May 20, 2010

Oh wellz, im so unpredictable.
Im just trying something newwww. This thing is not really new but fuck it.
hahaha.
so yeah, i made tumblr today.
and this will be my last post on this f blogspot :)
i'll missssss you. surely im not gonna delete my old post.
its just too memorable to delete! :'O
but in the futureee, idk. lmao.
so long viewers/stalkers *if i even got one*

this is the new shit where i'll be chilinggg now.
lmao
http://noitsmenotyou.tumblr.com/
BYE!

May 17, 2010

woot woot!
spice girls
*hearts*

May 16, 2010

"...and i mean this, im dead serious, if you want it, u can fucking have it, go get what you fucking want in life seriously..." - Jeremy McKinnon

ahh.. i couldnt say no more. he melts me with his singing, and inspirational words. i love him too much, and that makes me such a crazy shit ass girl. ahahahaha fuck it.
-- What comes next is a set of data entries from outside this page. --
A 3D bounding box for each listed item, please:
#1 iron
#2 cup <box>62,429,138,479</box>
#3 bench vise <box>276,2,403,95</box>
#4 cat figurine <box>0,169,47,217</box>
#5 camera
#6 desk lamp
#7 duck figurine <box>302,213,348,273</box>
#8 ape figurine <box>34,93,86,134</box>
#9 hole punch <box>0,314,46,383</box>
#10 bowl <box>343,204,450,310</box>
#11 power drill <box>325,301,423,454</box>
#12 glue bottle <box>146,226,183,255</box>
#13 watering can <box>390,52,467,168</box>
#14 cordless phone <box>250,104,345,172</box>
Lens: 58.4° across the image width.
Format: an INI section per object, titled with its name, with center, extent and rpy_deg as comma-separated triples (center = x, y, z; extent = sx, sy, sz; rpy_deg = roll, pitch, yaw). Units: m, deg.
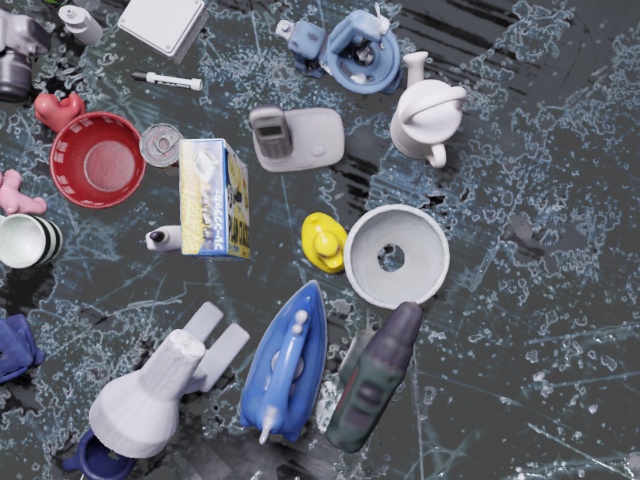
[iron]
center = -0.048, 0.186, 0.887
extent = 0.118, 0.141, 0.258
rpy_deg = 16, 87, 2
[cup]
center = -0.333, 0.331, 0.905
extent = 0.117, 0.095, 0.092
rpy_deg = -17, 86, 0
[bench vise]
center = 0.031, -0.292, 0.878
extent = 0.207, 0.219, 0.121
rpy_deg = 2, 86, 1
[cat figurine]
center = -0.526, -0.082, 0.923
extent = 0.128, 0.118, 0.067
rpy_deg = 44, 88, 3
[camera]
center = -0.536, -0.303, 0.946
extent = 0.143, 0.101, 0.137
rpy_deg = -1, 86, 1
[desk lamp]
center = -0.219, 0.199, 0.852
extent = 0.118, 0.213, 0.203
rpy_deg = 37, 88, 3
[duck figurine]
center = 0.009, 0.003, 0.926
extent = 0.077, 0.086, 0.104
rpy_deg = -25, 86, -1
[ape figurine]
center = -0.434, -0.214, 0.943
extent = 0.078, 0.092, 0.076
rpy_deg = -4, 86, 1
[hole punch]
center = -0.519, 0.180, 0.919
extent = 0.108, 0.091, 0.101
rpy_deg = -25, 86, -1
[bowl]
center = 0.121, 0.028, 0.928
extent = 0.167, 0.075, 0.167
rpy_deg = 0, 86, 1
[power drill]
center = 0.078, 0.191, 0.851
extent = 0.075, 0.208, 0.230
rpy_deg = 25, 87, 3
[glue bottle]
center = -0.233, -0.001, 0.886
extent = 0.078, 0.173, 0.037
rpy_deg = -13, 86, 0
[watering can]
center = 0.163, -0.201, 0.883
extent = 0.101, 0.194, 0.173
rpy_deg = -36, 86, -1
[cordless phone]
center = -0.036, -0.169, 0.888
extent = 0.147, 0.185, 0.094
rpy_deg = -10, 86, 0

Look at those bright bright sky, its beautiful to look at, but im telling u, its pretty much HOT here in kl,malaysia baby!

May 15, 2010

Oh yeah yelloooow on my background. sweet.
I love love love it.
Yellow is the new black baby!
but black is still the number one spot i guess. lmao
"......Bottom line, i hate every girls and every boys that are just being so cocky just because they listens to ONLY hardcore metal music, like wtf? you think ure so cool wearing that band tees every fucking time? you think ure so cool that ure in a "hardcore" band? you think ure so cool that everyone wants to be like you or be friends with you? FAGGOT...."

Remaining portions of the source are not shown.